The Act on Conditional Fines (1113/1990) provides for the imposition and ruling of a conditional fine.

During an inspection, the following practices are punishable under the Competition Act or the Criminal Code:

  • providing false evidence (eg, false, legally relevant oral information to an authority);
  • preventing an official act or making such an act more difficult to carry out; and
  • breaking a seal without FCCA permission.

Infringement notification

Is there a duty to notify the regulator of competition infringements?

There is no duty to notify the regulator of competition infringements in Finland.

Limitation period

What are the limitation periods for competition infringements?

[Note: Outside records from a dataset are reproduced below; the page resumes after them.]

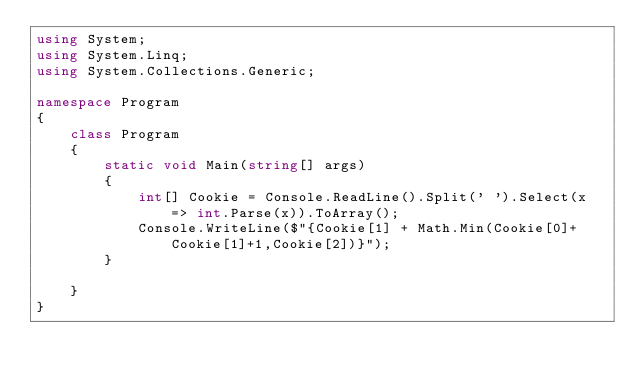Convert code to text. <code><loc_0><loc_0><loc_500><loc_500><_C#_>using System;
using System.Linq;
using System.Collections.Generic;

namespace Program
{
    class Program
    {
        static void Main(string[] args)
        {
            int[] Cookie = Console.ReadLine().Split(' ').Select(x => int.Parse(x)).ToArray();
            Console.WriteLine($"{Cookie[1] + Math.Min(Cookie[0]+Cookie[1]+1,Cookie[2])}");
        }

    }
}</code> 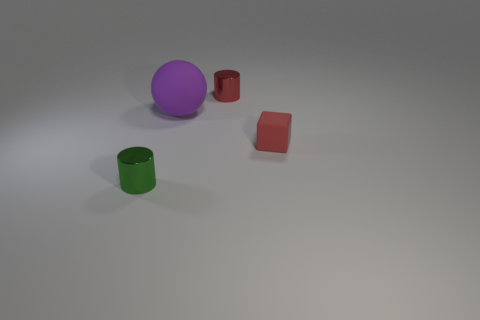How many things are either tiny metal cylinders that are right of the small green shiny cylinder or small metal things behind the large ball?
Provide a succinct answer. 1. Does the small rubber block have the same color as the large thing?
Offer a very short reply. No. Are there fewer purple metal cubes than green objects?
Offer a very short reply. Yes. Are there any tiny metal objects in front of the purple matte thing?
Your answer should be compact. Yes. Are the tiny green thing and the small red cube made of the same material?
Provide a short and direct response. No. What is the color of the other small metal object that is the same shape as the red metal thing?
Your answer should be very brief. Green. There is a thing that is on the left side of the large object; is its color the same as the small rubber cube?
Offer a very short reply. No. What shape is the metal object that is the same color as the matte block?
Make the answer very short. Cylinder. What number of other tiny things have the same material as the purple thing?
Ensure brevity in your answer.  1. There is a red shiny thing; what number of small cubes are behind it?
Provide a short and direct response. 0. 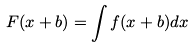Convert formula to latex. <formula><loc_0><loc_0><loc_500><loc_500>F ( x + b ) = \int f ( x + b ) d x</formula> 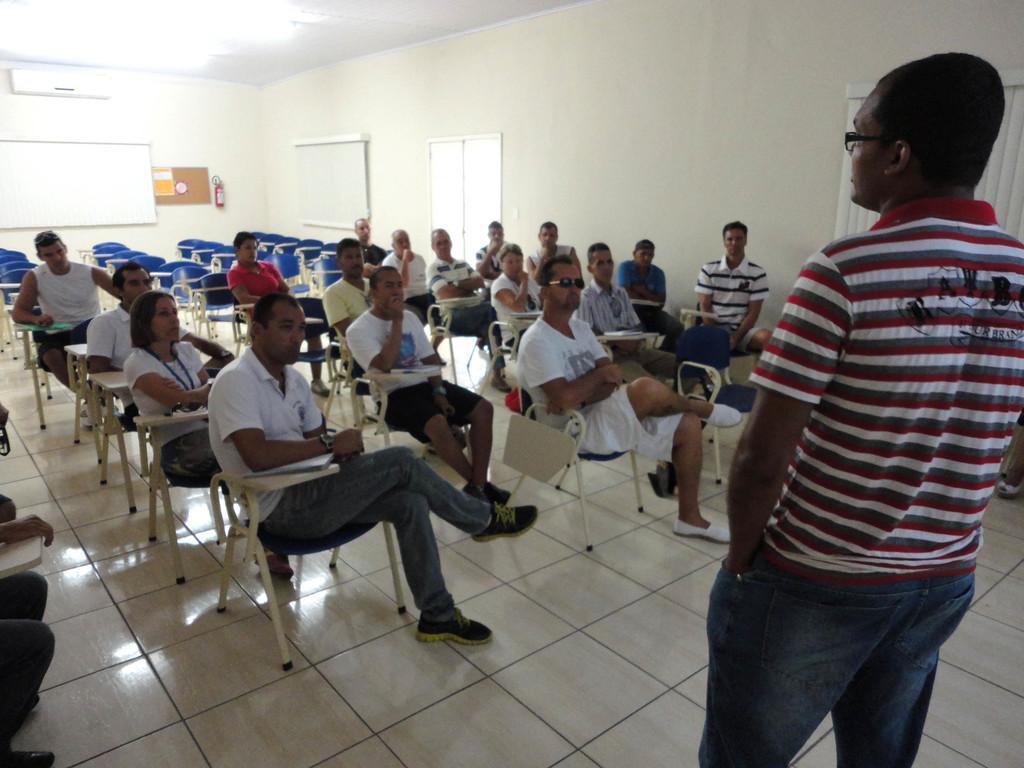In one or two sentences, can you explain what this image depicts? There are some persons sitting on the chairs as we can see in the middle of this image. There is one person standing on the right side of this image, and there is a wall in the background. 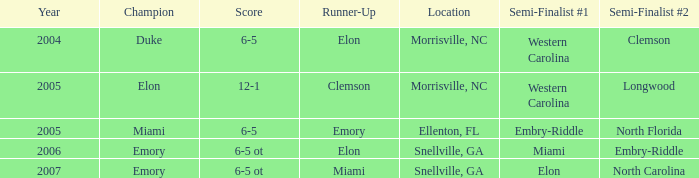Enumerate the scores of every game when miami was positioned as the initial semi-finalist. 6-5 ot. 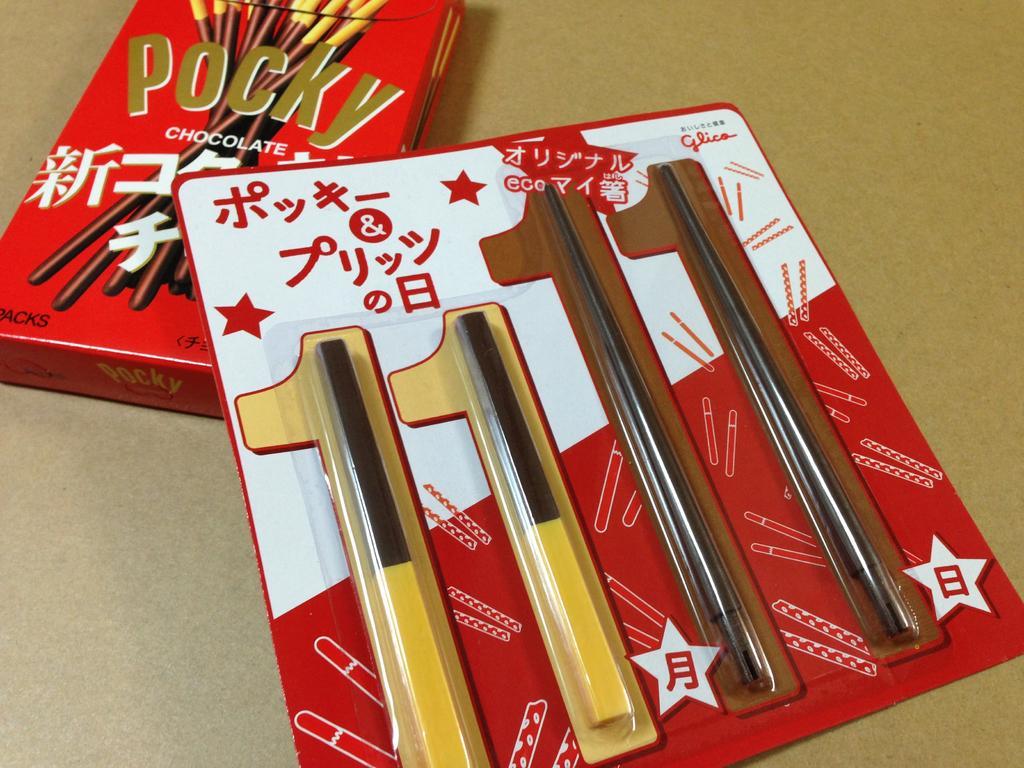Could you give a brief overview of what you see in this image? In this picture we can see a packet and a box on the surface. 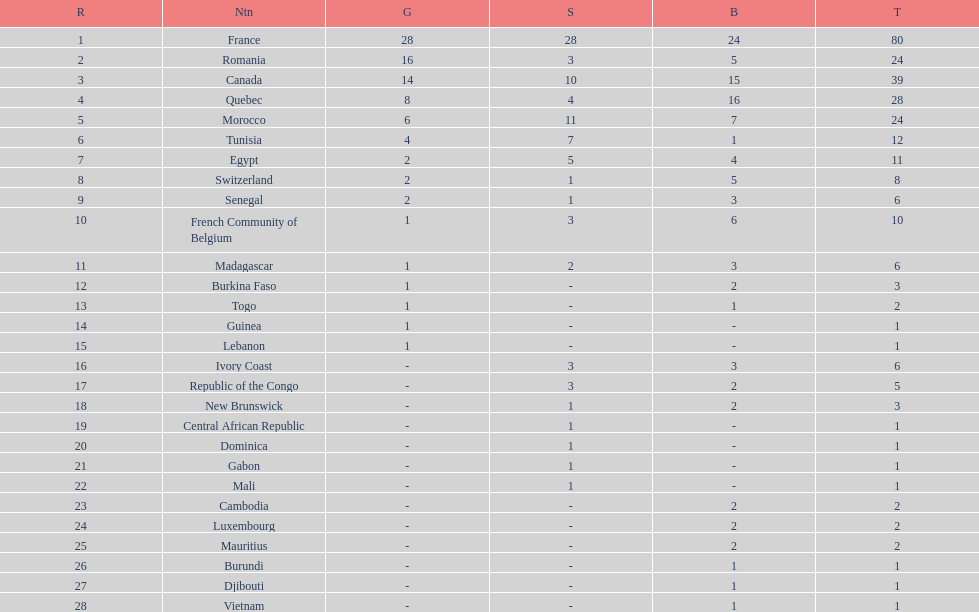Who placed in first according to medals? France. 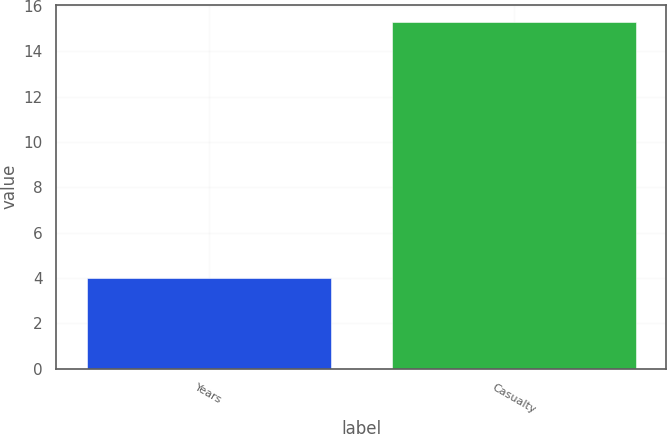<chart> <loc_0><loc_0><loc_500><loc_500><bar_chart><fcel>Years<fcel>Casualty<nl><fcel>4<fcel>15.3<nl></chart> 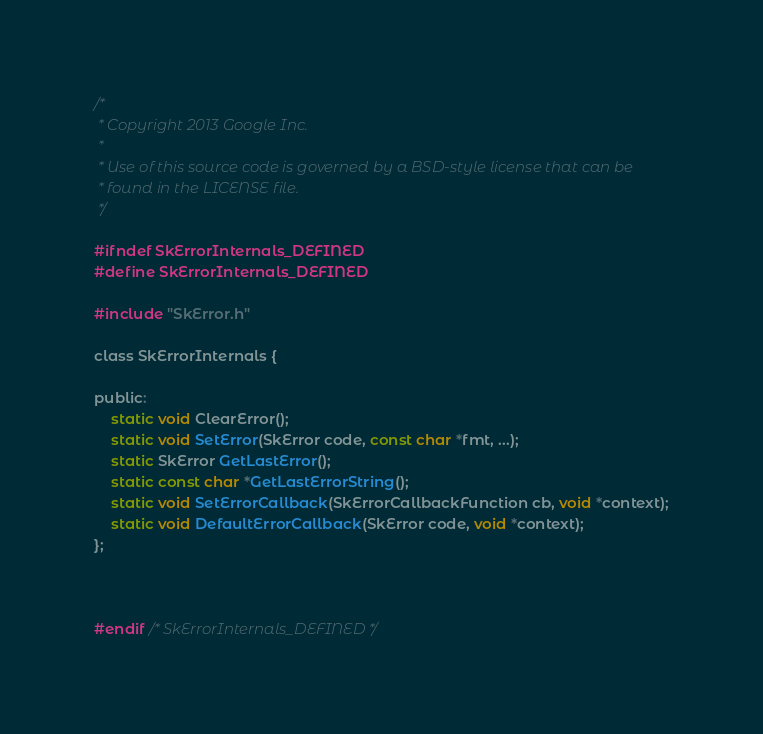<code> <loc_0><loc_0><loc_500><loc_500><_C_>/*
 * Copyright 2013 Google Inc.
 *
 * Use of this source code is governed by a BSD-style license that can be
 * found in the LICENSE file.
 */

#ifndef SkErrorInternals_DEFINED
#define SkErrorInternals_DEFINED

#include "SkError.h"

class SkErrorInternals {

public:
    static void ClearError();
    static void SetError(SkError code, const char *fmt, ...);
    static SkError GetLastError();
    static const char *GetLastErrorString();
    static void SetErrorCallback(SkErrorCallbackFunction cb, void *context);
    static void DefaultErrorCallback(SkError code, void *context);
};



#endif /* SkErrorInternals_DEFINED */
</code> 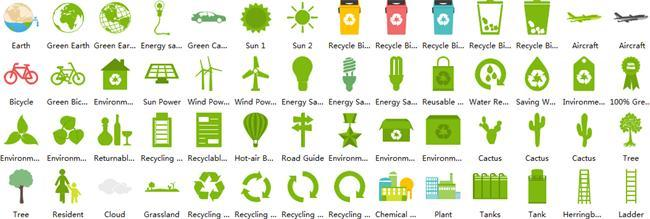how many types of cactus are shown
Answer the question with a short phrase. 3 How many symbols for recycling shown 4 What is the colour of the cycles shown, red and green or red and black red and green How many types of recycle bins are shown 5 How many globes are shown 3 What are the 2 types of renewable energy shown sun, wind 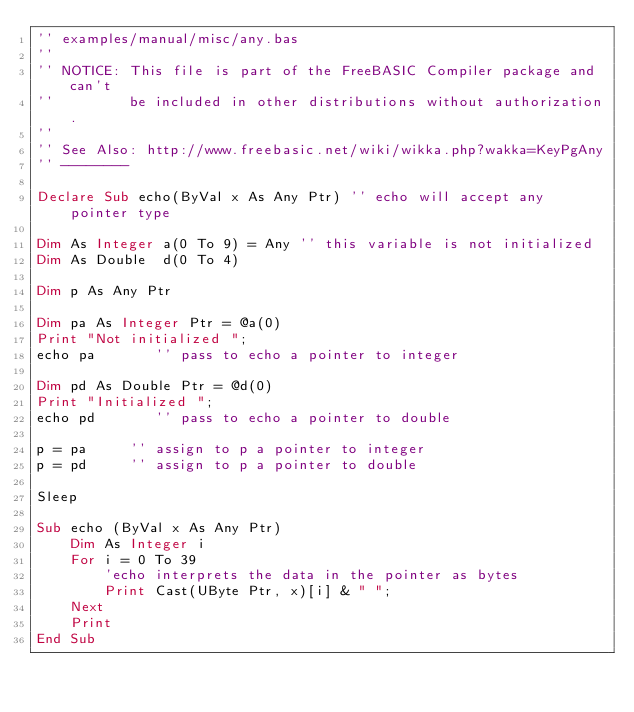<code> <loc_0><loc_0><loc_500><loc_500><_VisualBasic_>'' examples/manual/misc/any.bas
''
'' NOTICE: This file is part of the FreeBASIC Compiler package and can't
''         be included in other distributions without authorization.
''
'' See Also: http://www.freebasic.net/wiki/wikka.php?wakka=KeyPgAny
'' --------

Declare Sub echo(ByVal x As Any Ptr) '' echo will accept any pointer type

Dim As Integer a(0 To 9) = Any '' this variable is not initialized
Dim As Double  d(0 To 4)

Dim p As Any Ptr

Dim pa As Integer Ptr = @a(0)
Print "Not initialized ";
echo pa       '' pass to echo a pointer to integer

Dim pd As Double Ptr = @d(0)
Print "Initialized ";
echo pd       '' pass to echo a pointer to double

p = pa     '' assign to p a pointer to integer
p = pd     '' assign to p a pointer to double      

Sleep

Sub echo (ByVal x As Any Ptr)
	Dim As Integer i
	For i = 0 To 39
		'echo interprets the data in the pointer as bytes
		Print Cast(UByte Ptr, x)[i] & " ";
	Next
	Print
End Sub
</code> 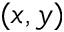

Unless the proposal to the Market Court has been filed within five years of the date of the violation or, in the case of a continuous infringement, within five years of the date on which the violation ended, penalty payments will not be imposed for:

  • a violation of the obligations regarding prohibited restraints on competition between undertakings;
  • an abuse of dominant position;
  • a violation of the obligations regarding prohibiting a concentration and imposing conditions upon a concentration or implementation of a concentration; or
  • a violation of Articles 101 or 102 of the Treaty on the Functioning of the European Union.

The FCCA’s measures to investigate an infringement will reset the limitation period. However, a penalty payment will not be imposed if the FCCA’s proposal to the Market Court has not been made within 10 years of the date of the violation or, in the case of a continuous infringement, within 10 years of the date on which the violation ended.